**Data supplied:**
·····
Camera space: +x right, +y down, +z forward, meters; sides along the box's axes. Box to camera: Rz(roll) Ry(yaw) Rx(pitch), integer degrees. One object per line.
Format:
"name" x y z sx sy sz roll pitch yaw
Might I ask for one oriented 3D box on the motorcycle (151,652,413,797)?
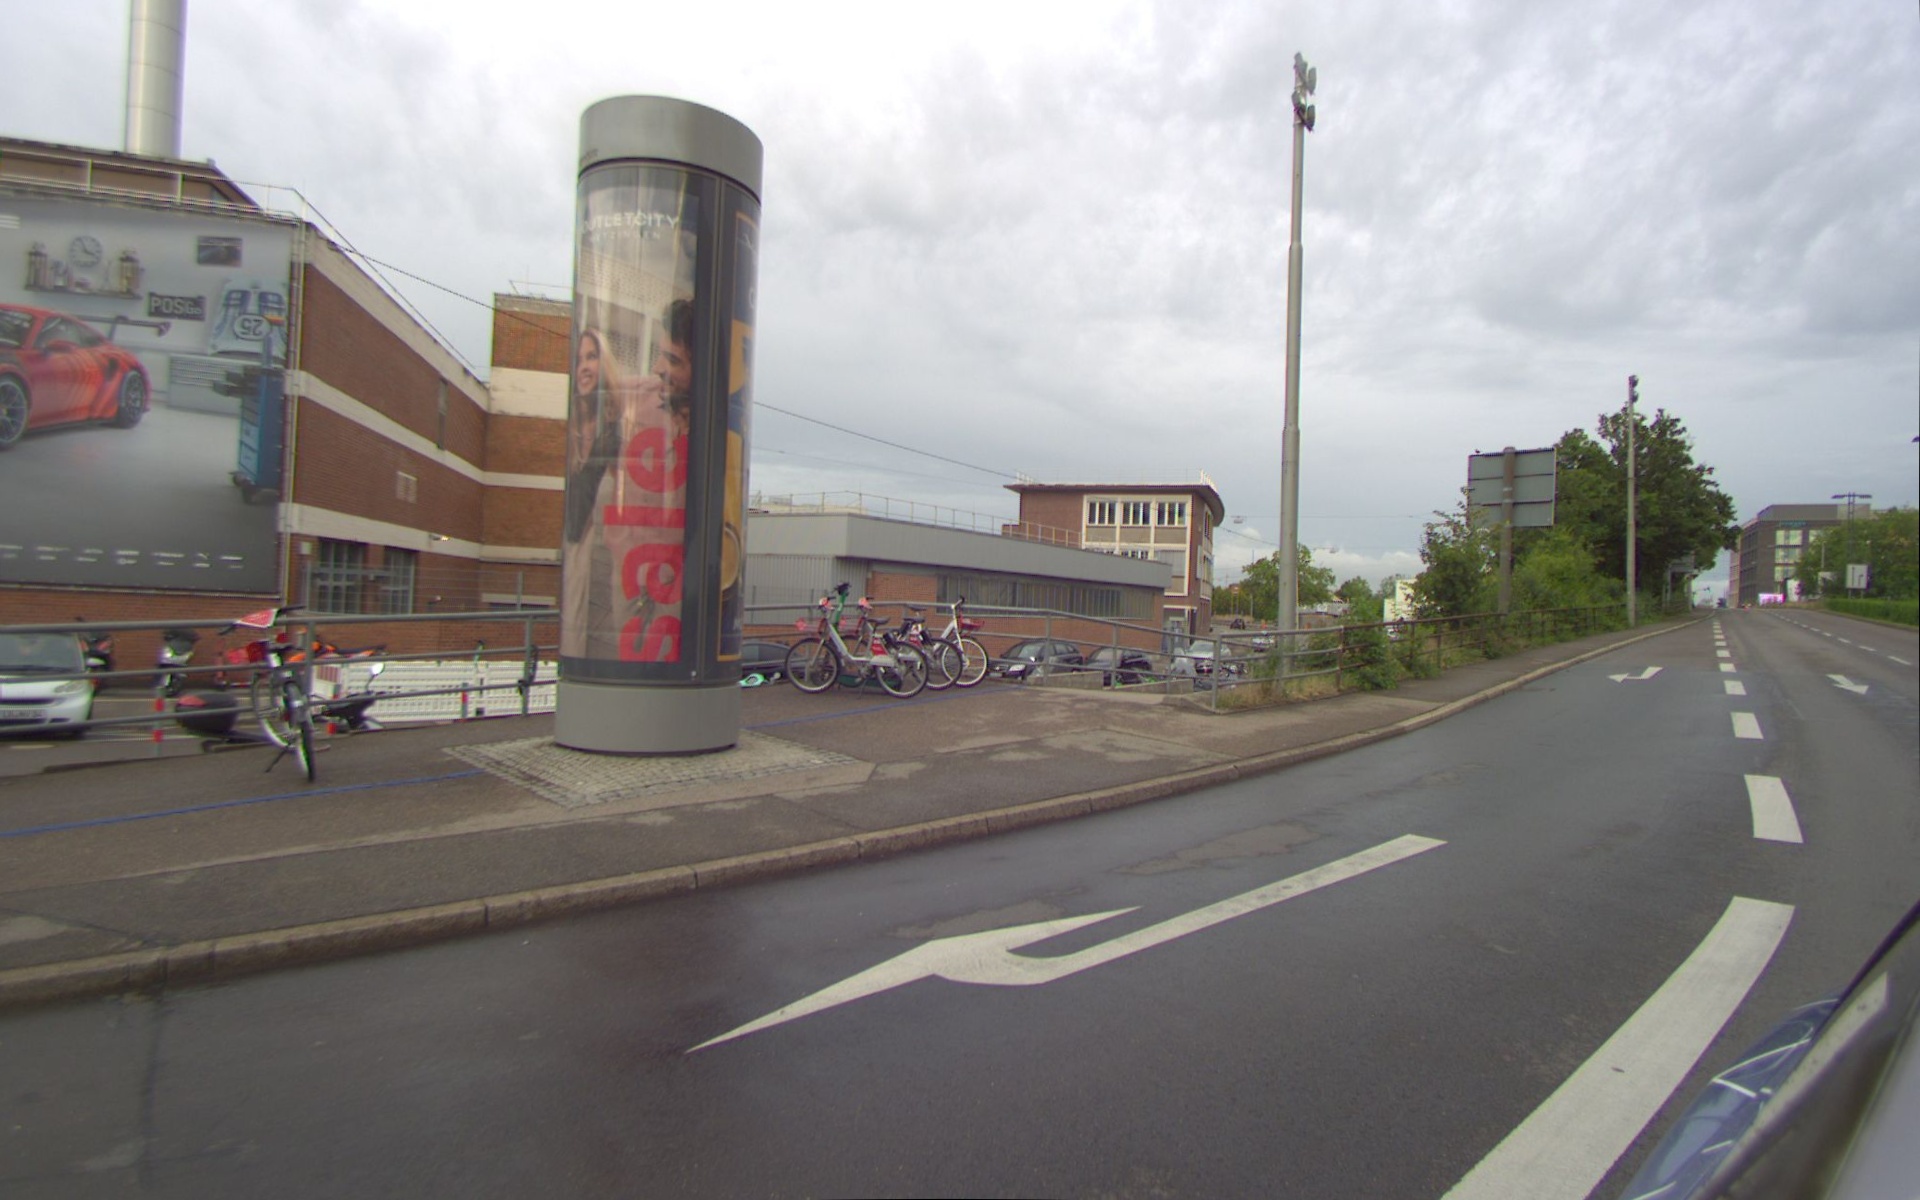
"motorcycle" -5.728 0.998 8.639 0.696 1.002 1.726 1 0 38

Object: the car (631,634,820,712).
"car" -5.405 1.662 23.830 1.694 1.630 4.204 -1 -3 37

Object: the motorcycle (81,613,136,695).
"motorcycle" -16.112 0.991 19.189 0.675 1.325 2.022 3 2 -38

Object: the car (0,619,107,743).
"car" -13.842 1.129 15.058 1.663 1.500 3.557 4 -1 -40

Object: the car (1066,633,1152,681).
"car" 5.784 2.140 38.942 1.694 1.574 3.805 1 1 37

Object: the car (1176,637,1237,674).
"car" 12.379 2.741 50.676 1.692 1.574 3.809 1 1 35

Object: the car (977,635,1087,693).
"car" 2.495 2.091 34.132 1.629 1.652 4.371 1 1 37

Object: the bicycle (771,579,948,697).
"bicycle" -1.132 0.410 11.492 1.901 1.239 0.598 2 1 10

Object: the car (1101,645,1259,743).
"car" 4.512 1.796 20.409 1.694 1.574 3.805 1 1 37

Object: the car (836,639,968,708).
"car" -1.599 2.049 29.045 1.694 1.648 3.878 1 1 37

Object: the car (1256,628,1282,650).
"car" 23.378 2.931 76.486 1.648 1.413 3.971 0 0 21

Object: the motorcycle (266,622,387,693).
"motorcycle" -12.994 1.183 20.837 1.943 1.325 0.932 3 1 -24

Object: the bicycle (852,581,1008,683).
"bicycle" -0.393 0.375 12.954 1.910 1.192 0.595 2 1 23

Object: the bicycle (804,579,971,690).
"bicycle" -0.863 0.392 12.138 1.900 1.239 0.598 1 1 8

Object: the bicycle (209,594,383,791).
"bicycle" -4.759 0.583 7.206 1.799 1.176 0.583 3 2 41

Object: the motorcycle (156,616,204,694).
"motorcycle" -15.261 1.050 19.832 0.562 1.325 1.873 3 2 -34
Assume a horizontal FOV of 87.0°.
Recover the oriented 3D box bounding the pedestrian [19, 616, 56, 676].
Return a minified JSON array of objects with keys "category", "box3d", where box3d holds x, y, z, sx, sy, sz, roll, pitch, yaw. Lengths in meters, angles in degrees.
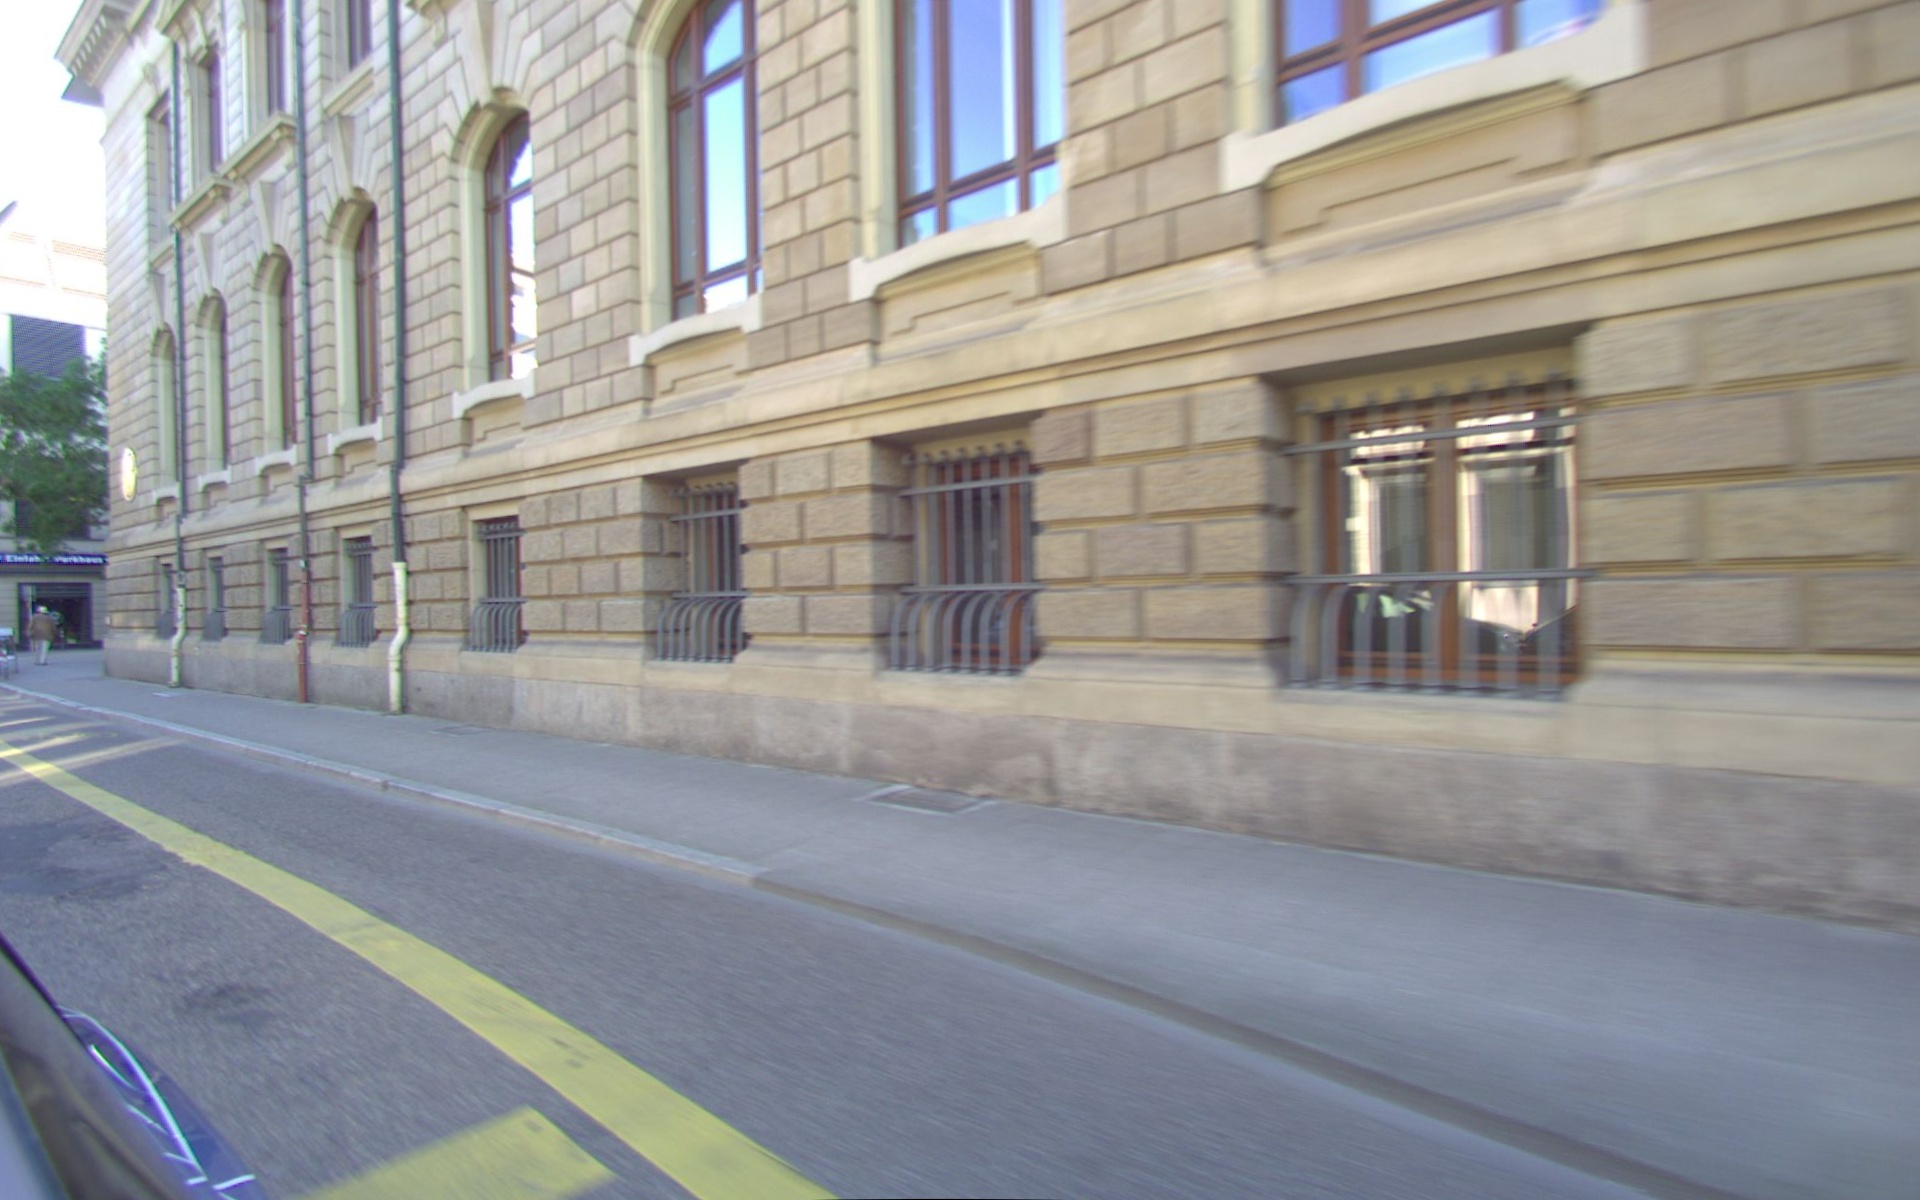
·····
**Work to be completed:** Reply by stating only how many lines in the listing hold the word "pitch".

**Expected answer:** 3